Upper Silesia remains the most multiethnic region in today’s Poland.

July 24, 2020 - Tomasz Kamusella - Articles and Commentary

Opole. Photo: falco. pixabay

Massive wartime and postwar ethnic cleansings turned Poland into an ethnically homogenous nation-state of Polish-speaking Catholics. During the communist period the existence of any ethnic minorities was strenuously denied, though Jews had to be expelled in 1968, Germans after 1970, or Roma in 1981. Yet, Upper Silesia remains the most multiethnic region in today’s Poland. According to the 2011 census, the country’s most numerous minorities (that is, non-Polish-speaking citizens of Poland), include Silesians (850,000), Kashubs (230,000), Germans (150,000), Ukrainians (50,000), and Belarusians (50,000). Out of 1.4 million ethnic non-Poles, over two-thirds (1 million) live in this historical region. There are a further 10 to 20 thousand Roma who are also living in the region but have been undercounted in censuses due to widespread discrimination. Furthermore, it should be remembered that after World War II, Polish Jews who survived the Holocaust found a relatively safe Yiddish-speaking haven in Silesia until 1968.

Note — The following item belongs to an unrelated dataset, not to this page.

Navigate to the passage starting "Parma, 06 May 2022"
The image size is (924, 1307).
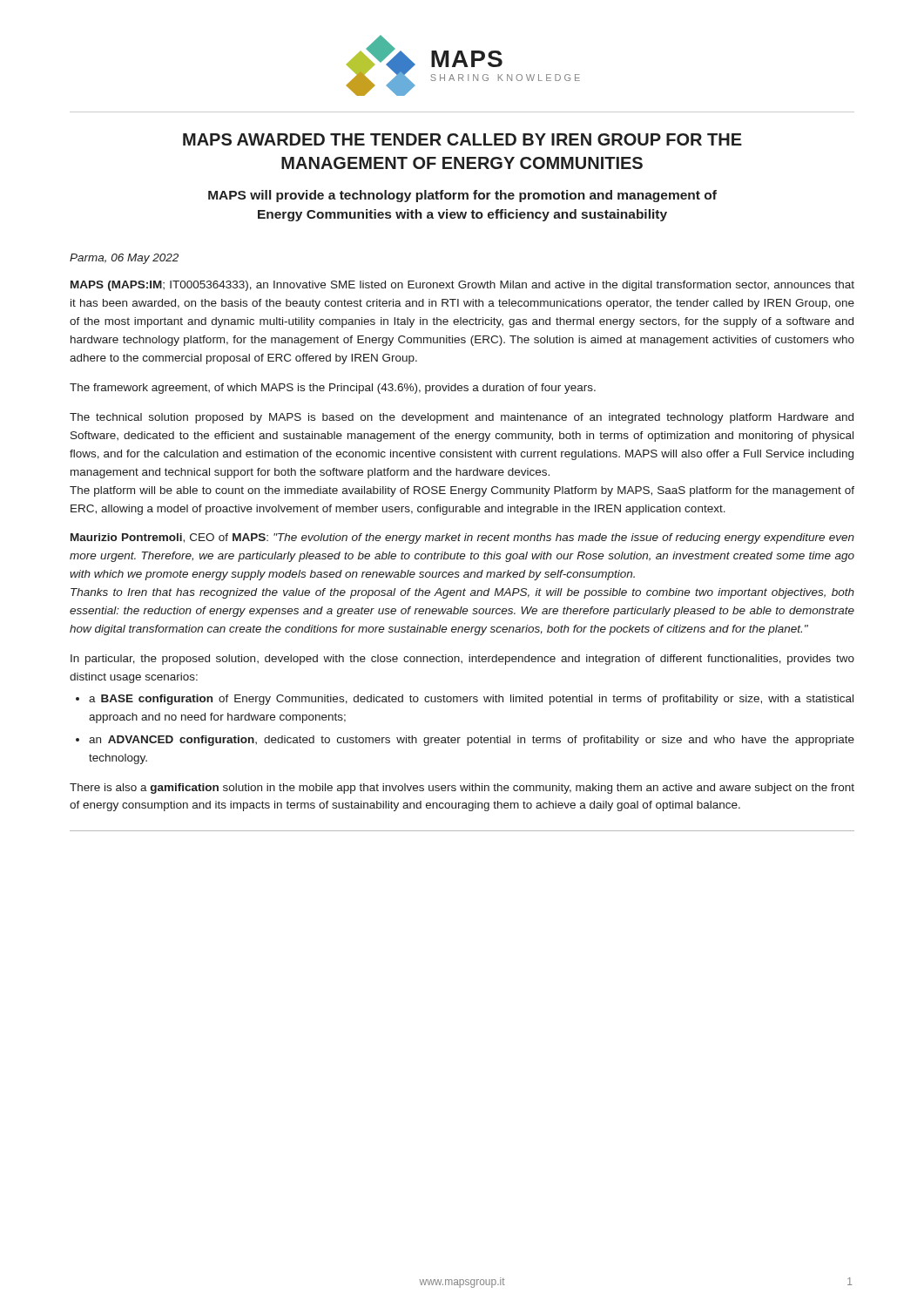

At present the historical region of Upper Silesia is split between two administrative units, Opole Province and Katowice (Silesian) Province. With 4.5 million inhabitants, Katowice Province is almost five times more populous than Opole Province. Yet, one has a better chance of coming across a Silesian or German in Opole Province, where these minorities add up to a third of the inhabitants. In Katowice, Germans and Silesians only make up 14 per cent of the population.

Silesians in Opole Province and Katowice Province (2002 Census). Source: Wikimedia Commons

The devastating floods in 1997 destroyed numerous Czech, German and Polish villages, towns and cities in the draining basin of the river Oder. Many of these localities, seized on this tragic event as an opportunity to rebuild in line with the inhabitants’ needs and preferences. Opole, or the historical capital of Upper Silesia, followed suit. Such a face-lift was much needed after the grey neglect of the communist times. This campaign of urban beautification and self-reinvention extended to the Municipal Public Library (Miejska Biblioteka Publiczna) in Opole. Between 2008 and 2011, the library’s seat was moved to a 19th-century building in the scenic Old Town, locally known as ‘Little Venice.’ This building was merged with an ultramodern annex, appropriately symbolising the meeting of the past with the future.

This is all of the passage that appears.